For the full argument reference, see the readr read_lines documentation on tidyverse.org.
FAQ
What is the difference between read_lines() and readLines()?
Both return a character vector with one element per line, so the output is interchangeable. read_lines() comes from the readr package and is faster on large files, reads lazily by default, accepts a URL directly, and uses the locale argument for encoding. readLines() is base R, needs no package, and is fine for small files. In tidyverse code, prefer read_lines() for the speed and consistency.
How do I read a text file into R line by line?
Call read_lines() with the path: read_lines("notes.txt"). The result is a character vector where each element is one line of the file, in order. You can then loop over it, index it, or filter it with grepl(). To process a very large file without loading it whole, read it in chunks with the skip and n_max arguments.
How do I count the number of lines in a file in R?
Wrap read_lines() in length(): length(read_lines("notes.txt")). read_lines() returns one element per line, so the length of the vector is the line count. By default blank lines are included; pass skip_empty_rows = TRUE to count only non-empty lines.

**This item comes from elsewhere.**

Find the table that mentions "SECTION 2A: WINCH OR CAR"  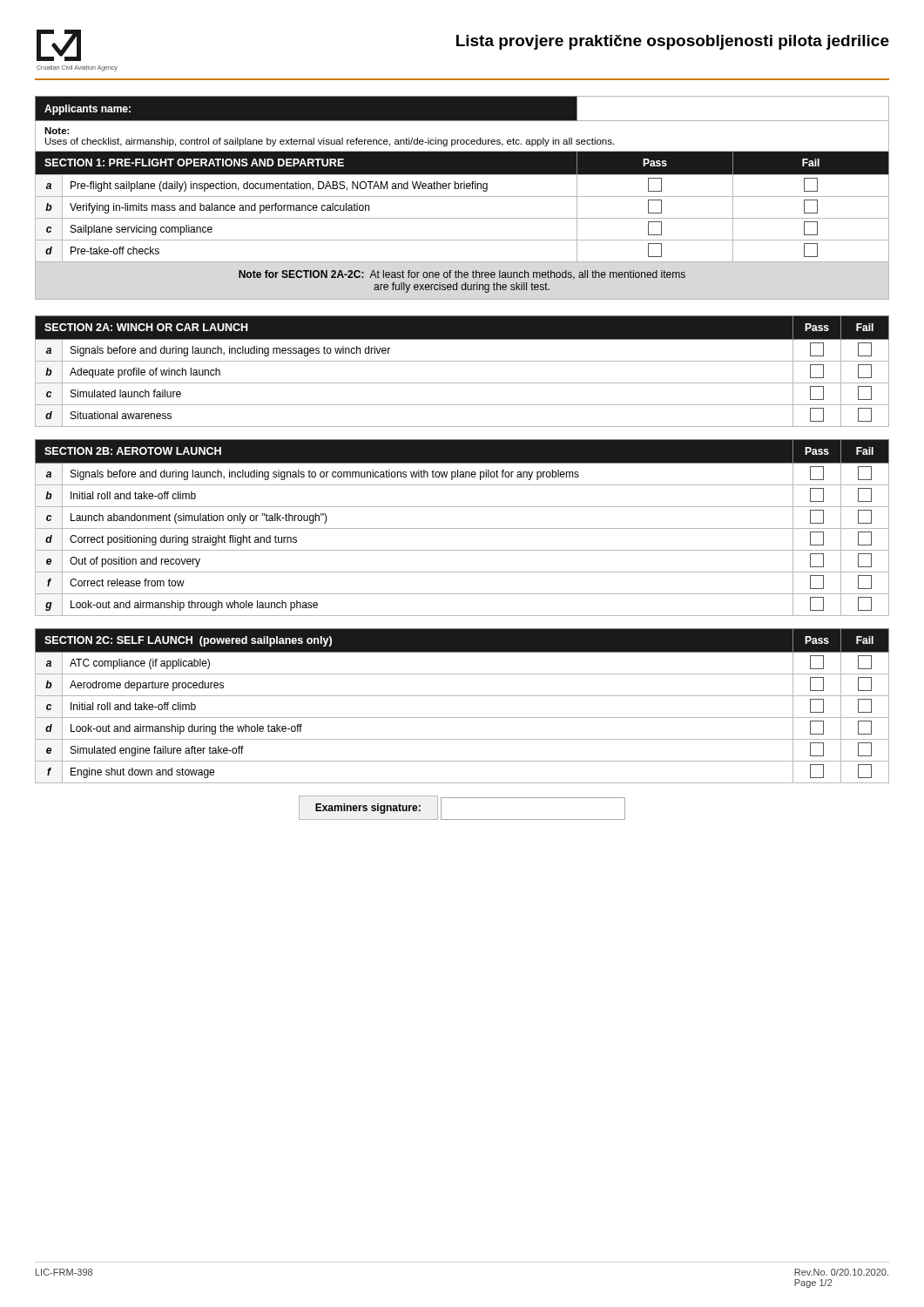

How do I read only the first few lines of a file in R?
Use the n_max argument: read_lines("big.txt", n_max = 10) reads just the first 10 lines. Because read_lines() reads lazily, it stops after n_max lines instead of scanning the whole file, so previewing a large file is fast. Combine it with skip to read a window from the middle of a file.
Does read_lines() work with a URL?
Yes. Pass a URL as the file argument, for example read_lines("https://example.com/data.txt"), and readr downloads the content and returns its lines. This works for plain text served over HTTP or HTTPS. For a file behind authentication or on a slow connection, download it first, then read the local copy.